Le plus grand groupe ethnique de l’Amazonie brésilienne
Parmi les différentes tribus autochtones dont s’occupent les Capucins, les Ticunas constituent le groupe ethnique le plus important de la région — ils sont environ 40 000 en Amazonie brésilienne — et les semences de l’Évangile qui germent dans l’immensité amazonienne portent déjà leurs fruits : dans les communautés de Belém dos Solimões, la messe est célébrée dans la langue des Ticunas tous les dimanches et on y fait des catéchèses. C’est également là que vit le premier diacre Ticuna, sans compter ceux qui sont actuellement au séminaire. « Je pense que notre grande force a toujours été de croire en eux, de savoir que ce sont eux qui peuvent et doivent vraiment être les guides, les pasteurs de leur peuple, avec leur langue et leur belle culture. Ils sentent et perçoivent que nous croyons en eux que nous les aimons et les apprécions », explique le frère Braghini.

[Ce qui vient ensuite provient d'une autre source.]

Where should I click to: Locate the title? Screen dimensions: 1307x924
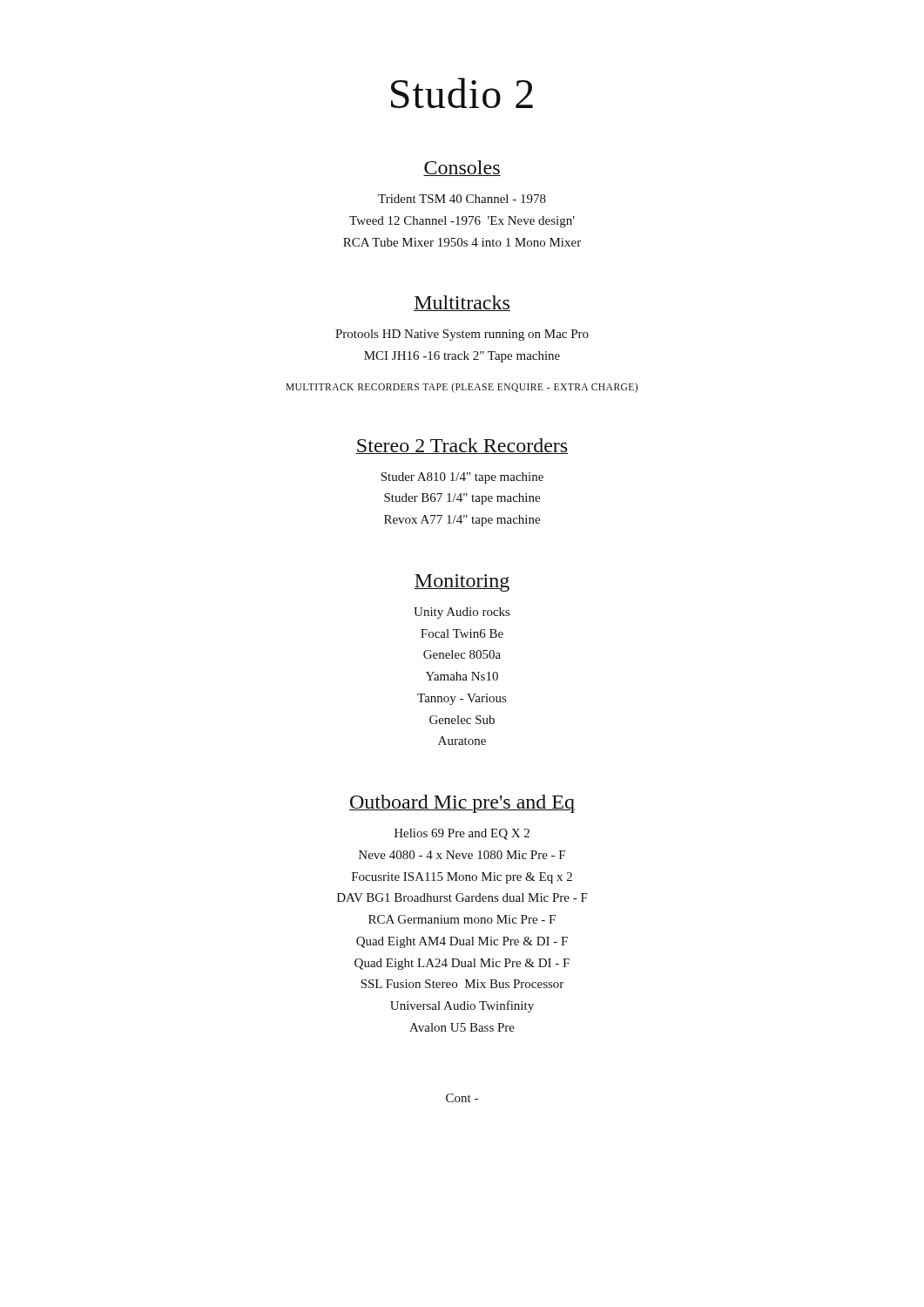point(462,94)

La gratitude du frère Braghini envers les bienfaiteurs de l’AED qui ont rendu possible la traduction de la Bible des enfants en Ticuna, l’achat des bateaux à moteur et du carburant pour les voyages, en plus des paniers alimentaires offerts aux plus pauvres pendant la période la plus critique de la pandémie de coronavirus est immense : « Merci beaucoup ! Merci au nom de tous les autochtones qui ont bénéficié de votre aide, de tant de villages que nous avons visités avec nos missionnaires, des enfants — il y en a tellement ici, des milliers ! — de tant de femmes, de parents et de jeunes. Merci du fond du cœur, de la part de tous les autochtones et de notre part aussi. Nous essayons ici d’entendre la voix de Dieu qui crie pour le peuple. Nous vous demandons aussi vos prières, car être missionnaire en de tels lieux n’est pas facile. Les défis sont nombreux, importants et quotidiens. Priez pour nous tous, pour les missionnaires de l’Amazonie et du monde entier » demande le frère capucin.